Experimental Setup

Datasets 

To cover a wide range of use cases, we evaluate SVS on standard datasets of diverse dimensionalities ( $d = 25$ to $d = 768$ ), number of elements ( $n = 10^{6}$ to $n = 10^{9}$ ), data types and metrics as described in the table below.
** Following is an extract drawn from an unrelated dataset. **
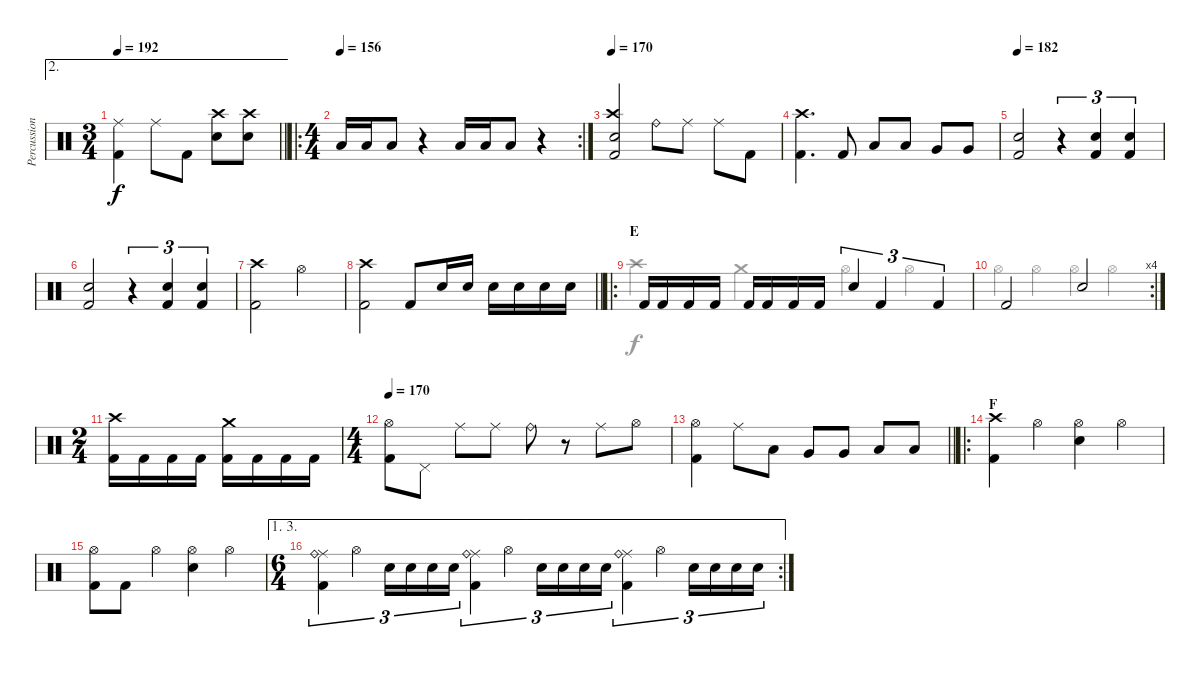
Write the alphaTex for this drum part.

Dataset	d	n	Encoding	Similarity	n queries	Space (GiB)
gist-960-1M	960	1M	float32	L2	1000	3.6
sift-128-1M	128	1M	float32	L2	10000	0.5
deep-96-10M	96	10M	float32	cosine similarity	10000	3.6
glove-50-1.2M	50	1.2M	float32	cosine similarity	10000	0.2
glove-25-1.2M	25	1.2M	float32	cosine similarity	10000	0.1
t2i-200-100M	200	100M	float32	inner product	10000	74.5
deep-96-100M	96	100M	float32	cosine similarity	10000	35.8
deep-96-1B	96	1B	float32	cosine similarity	10000	257.6
sift-128-1B	128	1B	uint8	L2	10000	119.2

Evaluation Metrics 

In all benchmarks and experimental results, search accuracy is measured by k-recall at k, defined by $| S \cap G_{t} | / k$ , where $S$ are the ids of the $k$ retrieved neighbors and $G_{t}$ is the ground-truth. We use $k = 10$ in all experiments. Search performance is measured by queries per second (QPS).

Query Batch Size 

The size of the query batch, which will depend on the use case, can have a big impact on performance. Therefore, we evaluate batch sizes: 1 (one query at a time or single query), 128 (typical batch size for deep learning training and inference) and full batch (determined by the number of queries in the dataset, see Datasets).